Auszug aus der Nominierung

Ihr Engagement für die Belange von Kleinbäuerinnen rührt von ihren eigenen Erfahrungen als Bäuerin im ländlichen Raum her. Die Schwierigkeiten und Herausforderungen, mit denen diese Frauen konfrontiert sind, bewirkten, dass sie sich für die Planung und Organisation von Landfrauengruppen in ihrer Gemeinde einsetzte. Ihre Bemühungen führten 2012 zur Gründung von RENAFAT, einem Verbund von Bäuerinnen und Verarbeiterinnen landwirtschaftlicher Produkte, der einen großen Teil der Landfrauen repräsentiert.
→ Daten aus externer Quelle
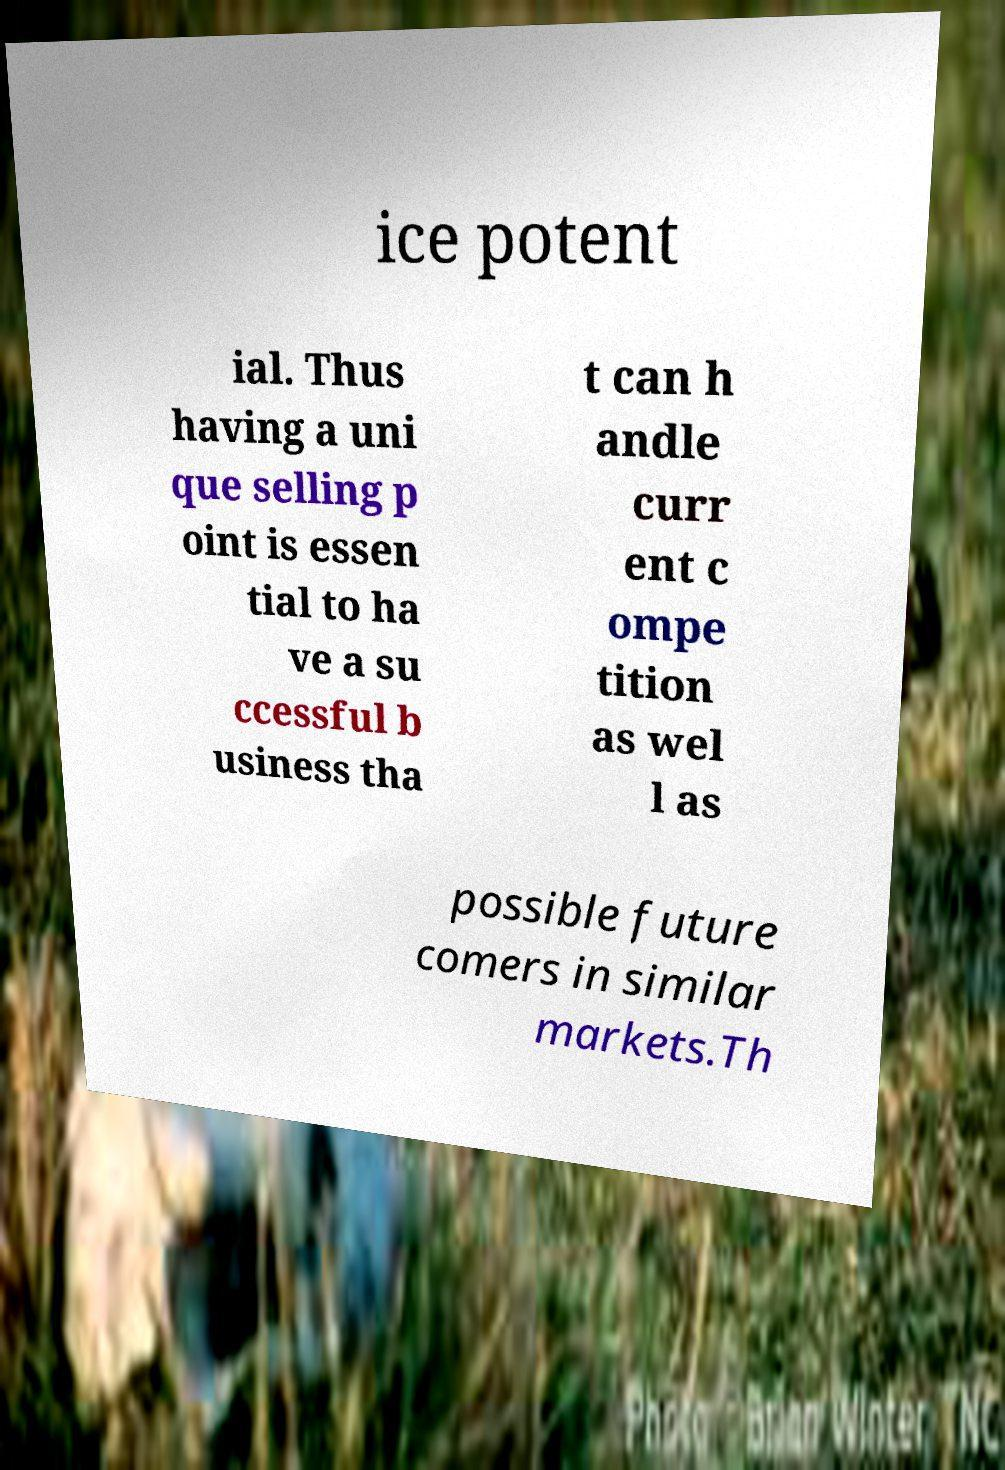There's text embedded in this image that I need extracted. Can you transcribe it verbatim? ice potent ial. Thus having a uni que selling p oint is essen tial to ha ve a su ccessful b usiness tha t can h andle curr ent c ompe tition as wel l as possible future comers in similar markets.Th

Seine Aktivitäten haben zur Anerkennung und Befähigung von Kleinbäuerinnen in Togo beigetragen.

 

Im Jahr 2017 richtete RENAFAT eine Verarbeitungseinheit für verpackten Parboiled-Reis mit dem Namen Riz la Grâce ein. Durch eine Konferenz, die im selben Jahr in Deutschland zum Thema “Leadership and Entrepreneurship of Rural Women” stattfand, erwarb Frau Agbere Fähigkeiten, die es ihr ermöglichten, Frauengruppen bei der Gründung landwirtschaftlicher Kooperativen und der Entwicklung kleiner einkommensschaffender Aktivitäten zu unterstützen. Zum heutigen Zeitpunkt hat Organisation von Frau Agbere ein Unternehmen zur Verarbeitung von Erdnüssen und zur Herstellung von verpackter und zertifizierter Sheabutter ins Leben gerufen".

 

“Frau Agbere war dem so genannten neugierigen Blick der Männer ausgesetzt. Weil es ein Umfeld ist, in dem man es nicht gewohnt ist, Frauen zu sehen die dann für ihre Rechte kämpfen. Für die Rechte ihrer Mitmenschen, für Menschenrechte. Während ihres kompletten Werdegangs war Frau Agbere mit diesen Schwierigkeiten konfrontiert.“

Maurice Gblodzro, Koordinatorin Togo, Konrad-Adenauer-Stiftung e.V.